This is the original code I wrote for this, hopefully you can make some sense out of it (I still can’t remember how all of it works).

import math
import typing
import re

TYPE_COORDS = typing.Tuple[float, float]
TYPE_GRID = typing.Dict[TYPE_COORDS, str]

grid: TYPE_GRID = {}

invalid_points = set()

def generate_spiral(limit):
    """
    Generate a spiral on a triangular grid.
    """

    directions = [
        (1, 0),     # right
        (0.5, 1),  # down-right
        (-0.5, 1), # down-left
        (-1, 0),    # left
        (-0.5, -1),   # up-left
        (0.5, -1),   # up-right
    ]
    dir_between_circles = (-0.5, -1)   # up-left after each hex

    path = []

    x, y = 0.0, 0  # start
    dir_idx = 0    # start facing right
    steps_in_leg = 1
    steps_taken = 0

    # center
    path.append((x, y))
    x += dir_between_circles[0]
    y += dir_between_circles[1]

    for _ in range(limit - 1):
              
        # Move in current direction
        dx, dy = directions[dir_idx]
        x += dx
        y += dy
        steps_taken += 1

        # Snap x to integer or half-integer depending on row
        if y % 2 == 0:
            x = round(x)  # even row -> integer x
        else:
            x = round(x - 0.5) + 0.5  # odd row -> half-integer x

        coord = (x, y)
        
        path.append(coord)

        # Spiral logic: after finishing a leg, turn clockwise
        if steps_taken == steps_in_leg:
            steps_taken = 0
            dir_idx = (dir_idx + 1) % 6
            # completed full hexagon
            if dir_idx == 0: 
                steps_in_leg += 1
                x += dir_between_circles[0]
                y += dir_between_circles[1]

    return path

def generate_grid(key: str) -> TYPE_GRID:
    """Generates a grid from a key string."""

    grid: TYPE_GRID = {}

    padding = "abcdefghijklmnopqrstuvwxy!#$%&()*+,-./:;<=>?@[\]^_{}~£z"
    key += padding

    spiral: typing.List[TYPE_COORDS] = generate_spiral(len(key))

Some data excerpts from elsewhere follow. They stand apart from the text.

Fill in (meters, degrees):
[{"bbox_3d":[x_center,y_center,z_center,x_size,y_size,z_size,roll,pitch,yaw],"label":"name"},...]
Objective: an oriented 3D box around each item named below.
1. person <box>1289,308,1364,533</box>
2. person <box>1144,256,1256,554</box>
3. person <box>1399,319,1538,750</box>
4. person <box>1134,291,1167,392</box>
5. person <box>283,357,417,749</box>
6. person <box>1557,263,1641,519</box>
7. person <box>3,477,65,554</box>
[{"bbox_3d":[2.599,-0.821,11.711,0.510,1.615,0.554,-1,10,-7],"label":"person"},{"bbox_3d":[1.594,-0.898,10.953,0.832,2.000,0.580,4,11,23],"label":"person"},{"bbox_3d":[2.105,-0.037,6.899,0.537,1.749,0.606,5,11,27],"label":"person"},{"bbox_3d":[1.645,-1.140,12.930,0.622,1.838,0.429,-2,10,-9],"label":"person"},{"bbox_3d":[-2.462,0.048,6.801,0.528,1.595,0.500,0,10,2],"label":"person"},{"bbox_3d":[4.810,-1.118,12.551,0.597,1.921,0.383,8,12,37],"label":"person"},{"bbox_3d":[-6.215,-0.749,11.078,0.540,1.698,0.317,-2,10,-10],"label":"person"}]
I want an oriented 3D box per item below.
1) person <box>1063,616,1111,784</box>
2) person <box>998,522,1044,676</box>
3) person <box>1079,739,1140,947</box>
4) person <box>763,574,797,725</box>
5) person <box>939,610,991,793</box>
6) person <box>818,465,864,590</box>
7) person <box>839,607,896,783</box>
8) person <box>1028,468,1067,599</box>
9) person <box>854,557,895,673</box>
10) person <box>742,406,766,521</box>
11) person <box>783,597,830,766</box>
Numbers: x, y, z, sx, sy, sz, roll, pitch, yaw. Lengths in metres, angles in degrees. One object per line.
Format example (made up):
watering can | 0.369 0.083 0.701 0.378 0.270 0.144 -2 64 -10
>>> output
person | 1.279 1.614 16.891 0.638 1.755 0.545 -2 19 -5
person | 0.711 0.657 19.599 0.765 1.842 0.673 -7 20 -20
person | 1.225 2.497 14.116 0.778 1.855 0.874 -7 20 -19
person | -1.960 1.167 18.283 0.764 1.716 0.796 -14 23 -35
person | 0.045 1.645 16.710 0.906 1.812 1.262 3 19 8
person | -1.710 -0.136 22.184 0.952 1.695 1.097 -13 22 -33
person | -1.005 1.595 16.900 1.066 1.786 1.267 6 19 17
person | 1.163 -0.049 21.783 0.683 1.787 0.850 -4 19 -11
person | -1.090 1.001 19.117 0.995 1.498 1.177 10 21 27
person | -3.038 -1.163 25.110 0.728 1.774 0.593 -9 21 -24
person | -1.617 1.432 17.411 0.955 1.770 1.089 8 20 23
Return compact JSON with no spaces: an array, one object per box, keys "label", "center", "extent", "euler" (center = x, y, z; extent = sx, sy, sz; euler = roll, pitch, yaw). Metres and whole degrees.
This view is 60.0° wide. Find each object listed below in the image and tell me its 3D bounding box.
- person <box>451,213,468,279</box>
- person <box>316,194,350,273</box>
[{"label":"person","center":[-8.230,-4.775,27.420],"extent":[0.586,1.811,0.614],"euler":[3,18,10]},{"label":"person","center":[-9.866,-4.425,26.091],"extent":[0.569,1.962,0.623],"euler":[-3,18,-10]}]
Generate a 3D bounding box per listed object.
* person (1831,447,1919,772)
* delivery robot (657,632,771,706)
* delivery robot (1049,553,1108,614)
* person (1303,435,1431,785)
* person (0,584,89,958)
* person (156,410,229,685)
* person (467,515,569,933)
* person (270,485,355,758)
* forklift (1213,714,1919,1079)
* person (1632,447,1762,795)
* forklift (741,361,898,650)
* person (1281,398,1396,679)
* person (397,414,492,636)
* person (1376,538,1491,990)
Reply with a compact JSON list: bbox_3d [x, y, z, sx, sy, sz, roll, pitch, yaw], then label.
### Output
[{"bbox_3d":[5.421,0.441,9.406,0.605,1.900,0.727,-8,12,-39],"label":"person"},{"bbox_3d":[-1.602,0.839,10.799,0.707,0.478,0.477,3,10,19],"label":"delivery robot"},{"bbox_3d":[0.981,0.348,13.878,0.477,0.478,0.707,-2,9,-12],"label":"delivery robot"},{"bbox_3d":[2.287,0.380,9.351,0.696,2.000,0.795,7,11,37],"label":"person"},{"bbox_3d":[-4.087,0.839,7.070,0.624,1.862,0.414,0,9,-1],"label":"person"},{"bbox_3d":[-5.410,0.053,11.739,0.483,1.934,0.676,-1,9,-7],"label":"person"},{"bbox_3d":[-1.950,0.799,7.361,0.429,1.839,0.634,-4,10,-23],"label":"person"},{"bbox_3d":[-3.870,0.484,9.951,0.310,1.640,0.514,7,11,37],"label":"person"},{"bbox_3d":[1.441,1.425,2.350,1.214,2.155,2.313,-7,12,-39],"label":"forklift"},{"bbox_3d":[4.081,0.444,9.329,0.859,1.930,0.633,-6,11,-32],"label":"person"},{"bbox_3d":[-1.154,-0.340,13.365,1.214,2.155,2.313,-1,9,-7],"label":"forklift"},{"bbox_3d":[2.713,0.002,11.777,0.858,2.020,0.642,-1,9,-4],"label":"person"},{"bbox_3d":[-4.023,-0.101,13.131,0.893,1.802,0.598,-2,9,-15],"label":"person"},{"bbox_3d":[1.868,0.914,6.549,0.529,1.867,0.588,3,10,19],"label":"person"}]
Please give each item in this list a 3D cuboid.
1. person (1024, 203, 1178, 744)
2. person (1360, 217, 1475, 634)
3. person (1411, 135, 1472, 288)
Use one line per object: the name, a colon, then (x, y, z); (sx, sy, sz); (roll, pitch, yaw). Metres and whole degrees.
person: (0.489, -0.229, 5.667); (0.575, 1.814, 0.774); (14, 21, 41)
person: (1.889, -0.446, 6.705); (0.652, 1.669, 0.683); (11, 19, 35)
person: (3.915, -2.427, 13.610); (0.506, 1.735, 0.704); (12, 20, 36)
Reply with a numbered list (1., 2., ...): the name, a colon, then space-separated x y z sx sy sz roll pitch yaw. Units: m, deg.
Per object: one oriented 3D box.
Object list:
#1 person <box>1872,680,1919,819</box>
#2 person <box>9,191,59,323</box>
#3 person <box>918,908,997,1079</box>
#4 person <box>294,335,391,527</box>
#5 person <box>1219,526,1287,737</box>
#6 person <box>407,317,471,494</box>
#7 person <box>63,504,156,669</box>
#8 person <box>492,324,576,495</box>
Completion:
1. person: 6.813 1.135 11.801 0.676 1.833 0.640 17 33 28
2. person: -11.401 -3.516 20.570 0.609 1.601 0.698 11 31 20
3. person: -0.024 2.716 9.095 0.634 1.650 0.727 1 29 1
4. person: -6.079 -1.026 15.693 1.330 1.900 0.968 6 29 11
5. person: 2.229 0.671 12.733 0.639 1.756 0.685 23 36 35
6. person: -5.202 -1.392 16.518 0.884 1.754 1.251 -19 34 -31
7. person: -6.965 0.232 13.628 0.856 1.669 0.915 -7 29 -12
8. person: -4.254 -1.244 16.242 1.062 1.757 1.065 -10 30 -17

    for i in range(len(key)):
        col, row = spiral[i]

        grid[(col,row)] = key[i]

    return grid

def get_coord_of_letter(letter: str, grid : TYPE_GRID) -> TYPE_COORDS:
    """Finds the coords that map to a specific letter in the grid."""
    for coords, l in grid.items():
        if l == letter:
            return coords

def get_letter(coords: TYPE_COORDS, grid : TYPE_GRID) -> str:
    """Returns the letter at a position in the grid."""
    if coords not in grid:
        invalid_points.add(coords)
    return grid.get(coords, "")

def get_center_of_traingle(a: TYPE_COORDS, b: TYPE_COORDS, c: TYPE_COORDS) -> TYPE_COORDS:
    """Returns the center of a triangle generated by taking an avarage."""
    return ((a[0] + b[0] + c[0]) / 3, (a[1] + b[1] + c[1]) / 3)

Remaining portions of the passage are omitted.